Seljan donne une origine à la fête du Bonfim de Porto-Novo différente de tous les autres auteurs. Selon elle, la fête « a été initiée par feu Rosalino, frère de notre chère amie Maria Ojelabi, bahianaise de Nazareth, qui est arrivée ici jeune fille en 1899264 ». Soit selon Guran, ou encore dans les conversations que j’ai eues avec Auguste Amaral, la fête aurait été introduite par Simplice Gonzalo. Dans son récit concernant Porto-Novo en 1963, Seljan, donne une information dont elle est la source unique, l’année de début des festivités :

« À la place d’honneur, sur des tapis, on a placé des fauteuils et des petites tables. L’orchestre de pandeiros (tambourins), cuïa (calebasse) et tambour est resté à l’autre extrémité. Nous étions les amis brésiliens qui, pour la première fois depuis quatre-vingts ans, arrivaient pour la fête. L’émotion et l’expectative des présents se sont manifestées par des longs applaudissements et des "viva" lorsque nous sommes arrivés. Tous ont criés en portugais : "boa festa Iaiá ! Boa festa Ioiô !" » [Bonne fête iaia, Bonne fête ioio].
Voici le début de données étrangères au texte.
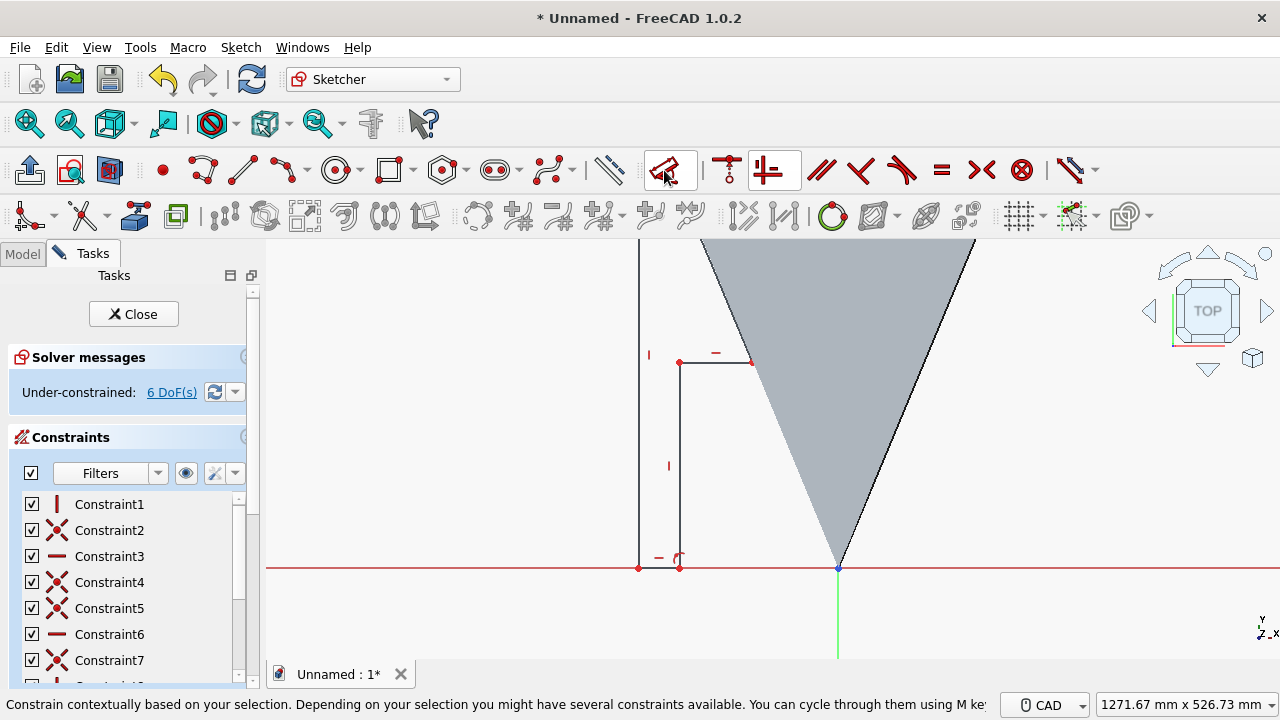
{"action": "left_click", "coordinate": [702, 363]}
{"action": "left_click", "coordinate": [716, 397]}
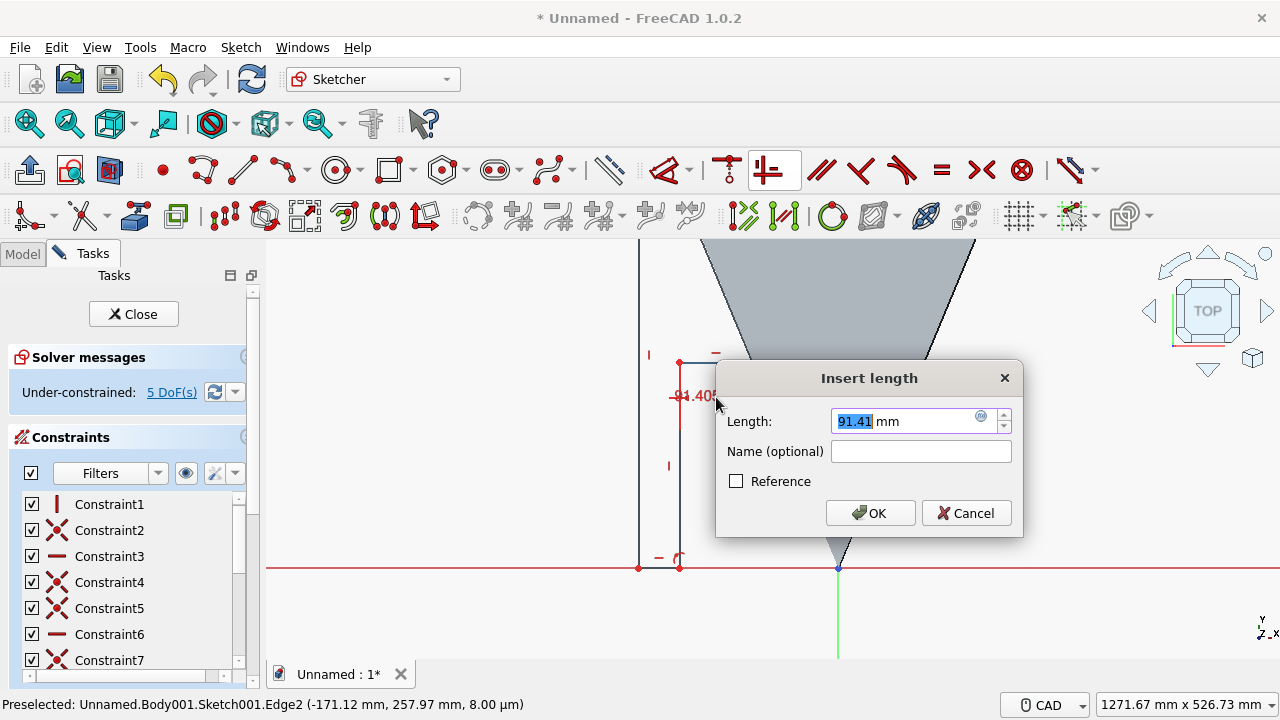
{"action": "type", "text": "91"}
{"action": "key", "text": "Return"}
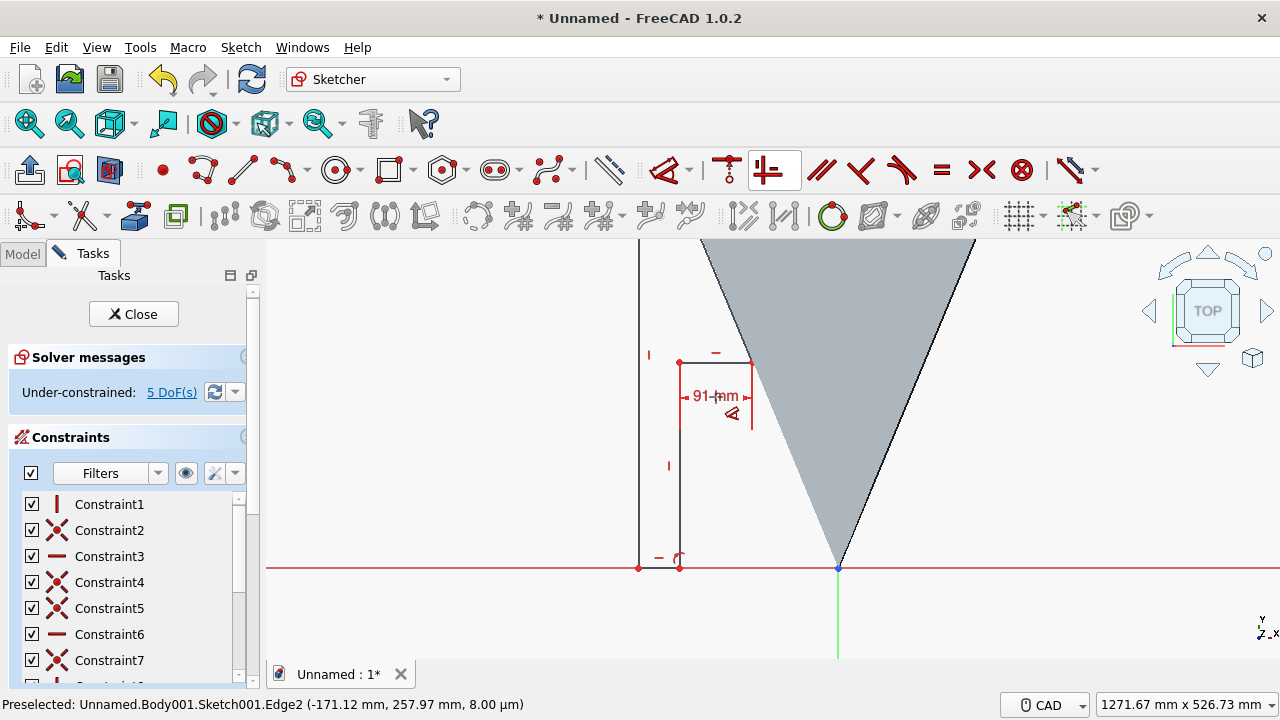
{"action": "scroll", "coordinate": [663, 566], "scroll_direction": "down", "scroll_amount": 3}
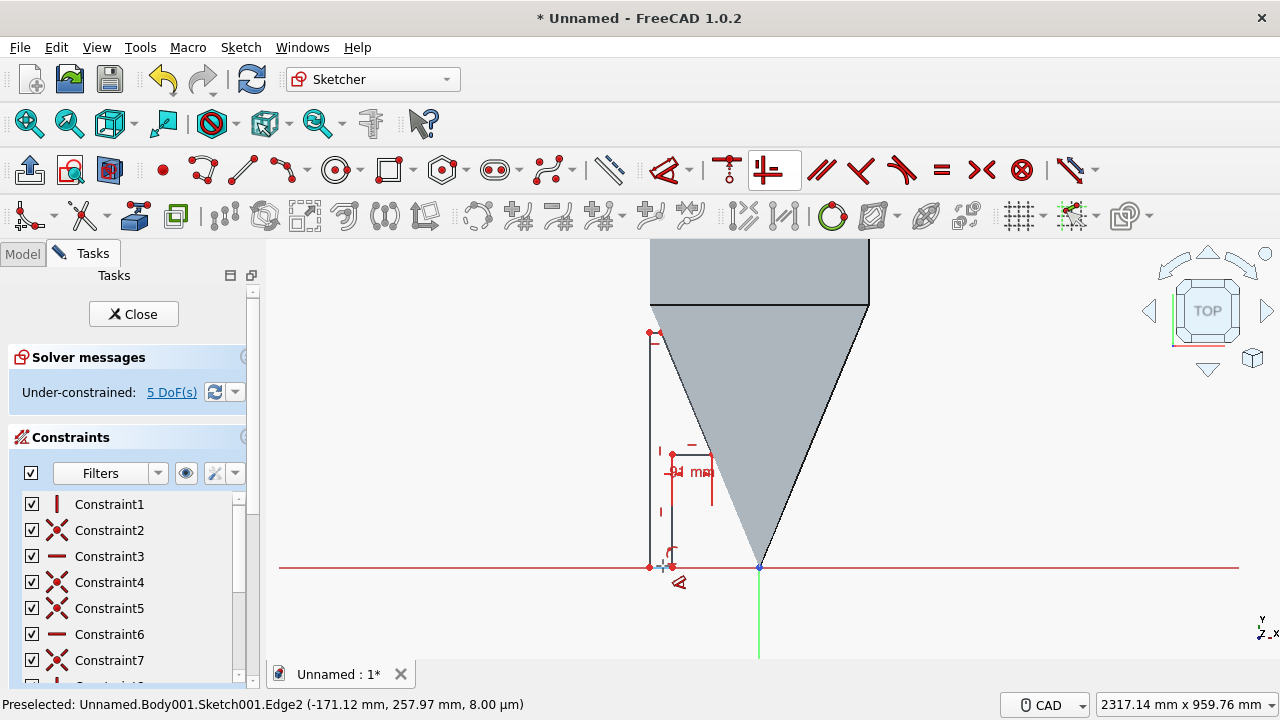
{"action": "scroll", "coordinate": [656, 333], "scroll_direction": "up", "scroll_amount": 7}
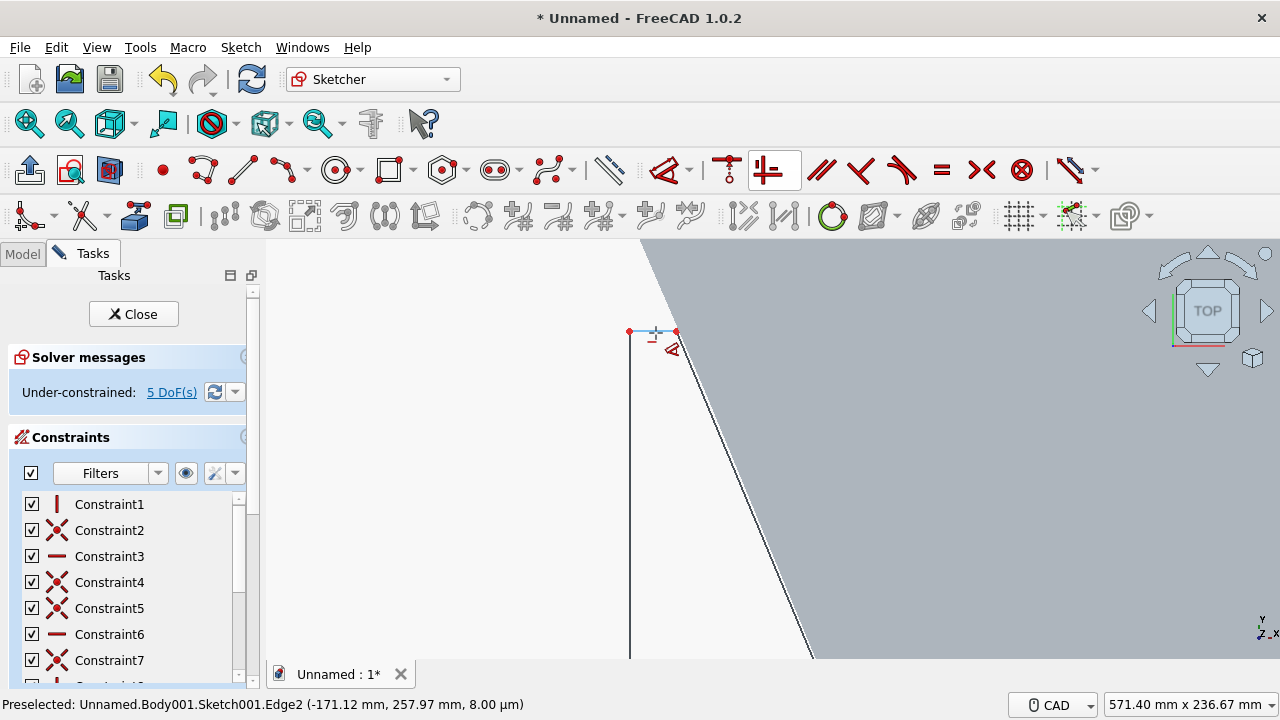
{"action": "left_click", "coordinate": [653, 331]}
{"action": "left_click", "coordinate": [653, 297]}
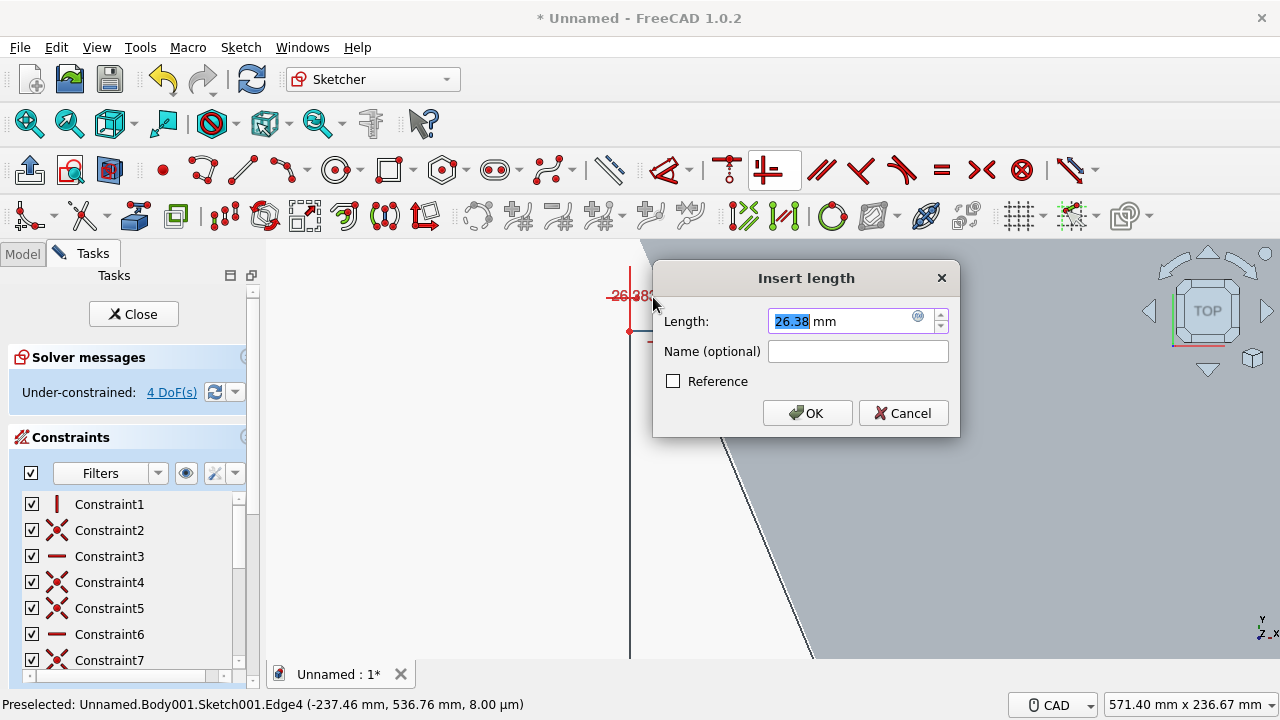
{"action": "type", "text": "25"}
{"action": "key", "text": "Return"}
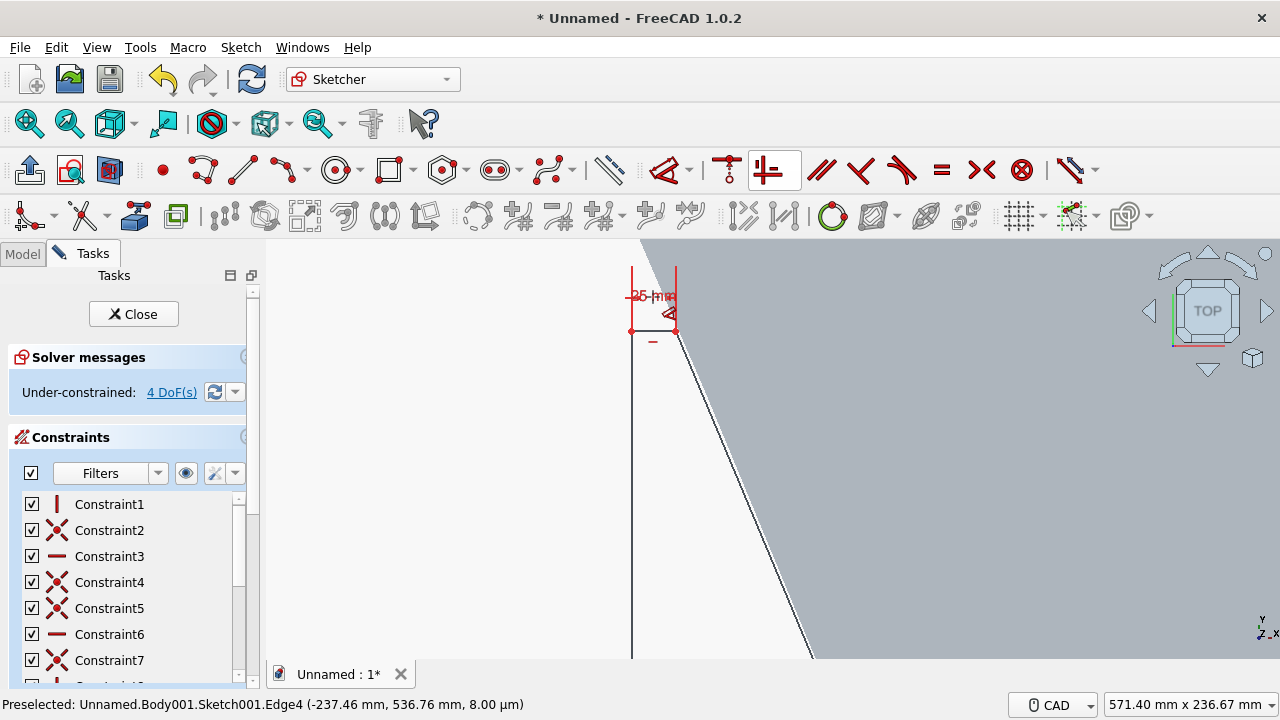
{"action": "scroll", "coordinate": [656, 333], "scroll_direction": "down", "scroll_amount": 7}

On n’a pas plus de détails sur la raison pour laquelle Seljan dit que cela se serait passé depuis « quatre-vingts ans ». Pourtant, si le chiffre est précis, il nous renvoie à l’année 1883. Casimir D’Almeida aurait-il transmis au couple que celle-ci serait la date du

début de la fête dans la ville ? En tout cas, il est remarquable (et assez possible) que les premiers visiteurs du Brésil à assister à la fête aient été le couple Olinto-Seljan, du moins ils le sont dans les représentations de cette génération d’Agudàs. Ensuite, l’auteur fait une remarque curieuse :

« Casimiro de Almeida m’a expliqué que "burrinha" est l’âne, soit l’animal le plus intelligent. Et dans un pays où il n’y a pas de chevaux il a dû être valorisé davantage ».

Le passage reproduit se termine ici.